Build-To-Rent Developers Set To Benefit From The New Victorian Tax Break

Build-To-Rent Developers Set To Benefit From The New Victorian Tax Break

As part of its state budget, the Victorian government announced a land transfer duty waiver of 50 per cent for new residential properties, and 25 per cent for existing residential properties, for purchases up to $1 million for contracts entered into between 25 November 2020 and 30 June 2021.

The government is to also bring forward 50 per cent commercial and industrial land transfer duty concession for regional Victoria to contracts that commences on or after 1 January 2021, instead of 1 July 2023. They also announced land tax breaks that include a 50 per cent land tax discount for build-to-rent developments running from 2022 to 2040. This move follows a similar land tax cut for BTR projects adopted by NSW in July this year.

Analysts with UBS said the Victorian tax cut could provide a greater boost, given that more than half of mooted BTR projects are based in the southern state. They estimated in a clients note that this will add 5 per cent to income.

Given the UBS expectation that BTR projects will transact on a less than a 4 per cent cap rate, they analysed a significant uplift to the end value of residential projects as this change will make more projects viable as BTR and enable groups like Lendlease to achieve a development profit (e.g. 15 per cent margin on cost) for Victorian build to sell (BTS) projects, which are re-purposed as BTR.

Two Build-To-Rent Developers in Australia are ready for a boost with the new Victorian Tax Break. They include:

  1. LendLease:

Lendlease $500 million residential plan at its Melbourne Quarter project could become one of the early beneficiaries of a Victorian tax break designed to improve build-to-rent developments.

In August, Lendlease chief Steve McCann signalled that the global property giant was actively considering the Melbourne Quarter and Brisbane Showgrounds projects for their potential to become build-to-rent housing as he believed there is a capacity for conversion of some products and was already focused on how lend-lease might tweak the design aspects to maximise their value as rental products.

One of the strongest prospects of this conversion is the second apartment tower, an 800-unit proposal, which Lendlease has on the drawing board at its $3 billion urban regeneration site in Melbourne’s Docklands.

  • Mirvac Group:

Mirvac, a diversified property developer, is an early leader in the emerging BTR sector as well.
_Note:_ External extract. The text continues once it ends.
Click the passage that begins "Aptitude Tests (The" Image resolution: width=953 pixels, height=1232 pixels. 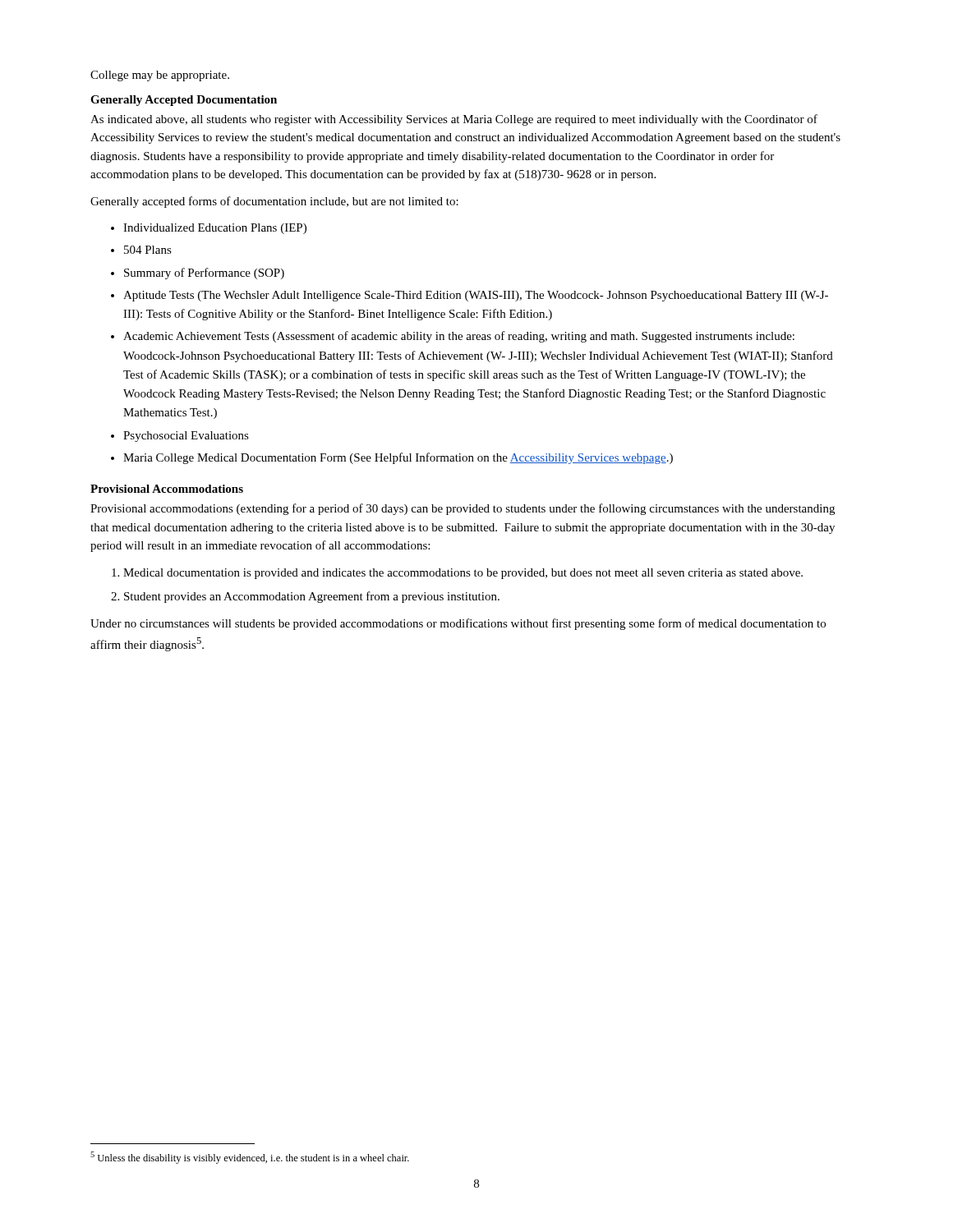pos(476,304)
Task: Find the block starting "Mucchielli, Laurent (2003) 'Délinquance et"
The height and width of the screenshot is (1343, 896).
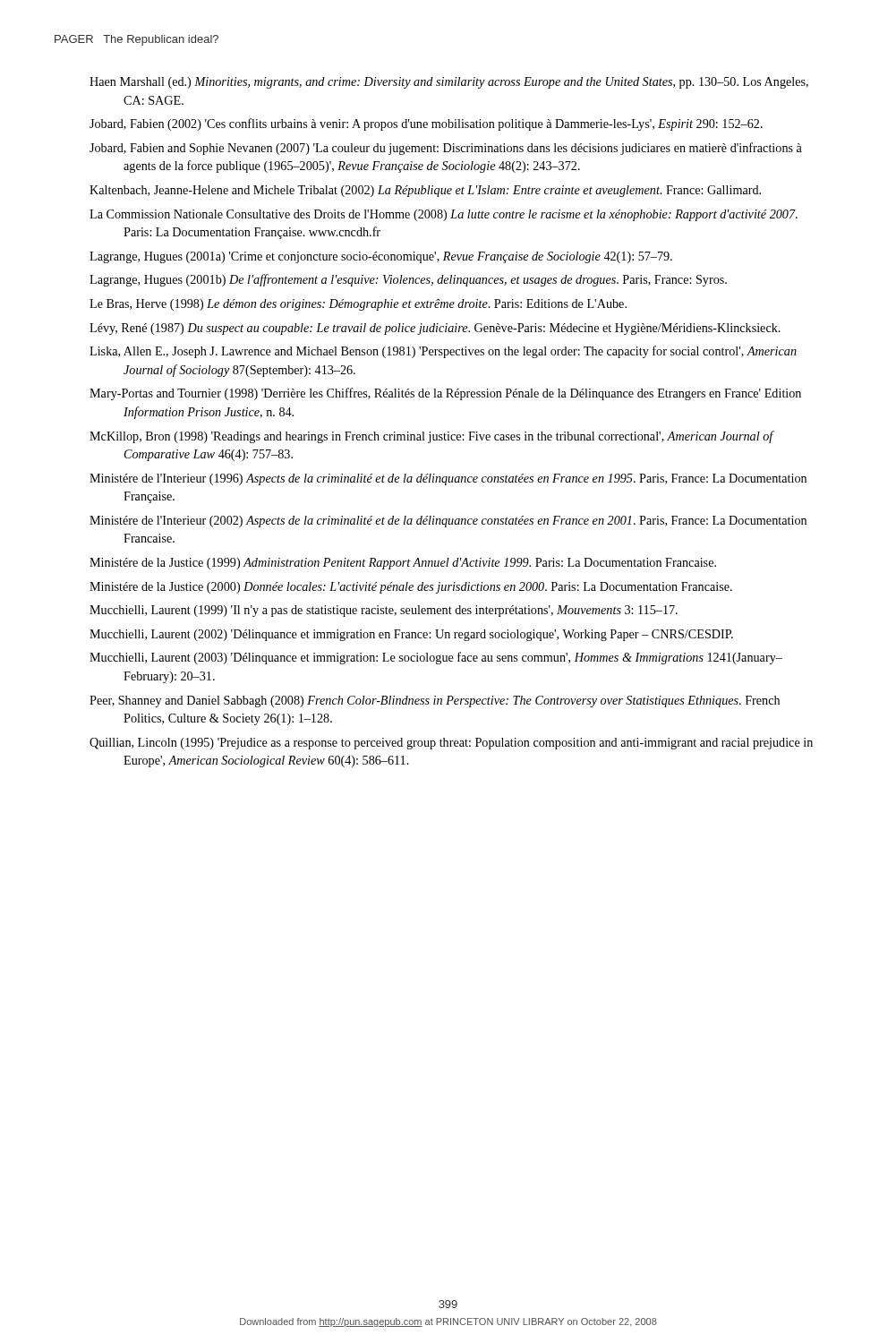Action: pos(436,667)

They are completing a project in Sydney and with at least three more in the pipeline in Melbourne.

Mirvac chief Susan Lloyd-Hurwitz told The Australian Financial Review that they welcome the land tax concession from the Victorian Government which will help facilitate a successful and scalable BTR sector in Victoria, as it allows BTR developments to be subject to similar amounts of state tax as build to sell.

They are keen to work closely with the government to ensure that the details of the scheme work assist the sector as experiences in other states has shown the need for industry and governments to work closely together to ensure the best outcomes.

Analysts with UBS said that investors were underestimating the potential of the sector and the ability of operators, including Mirvac and Lendlease, to achieve development returns once BTR projects are completed and sold down.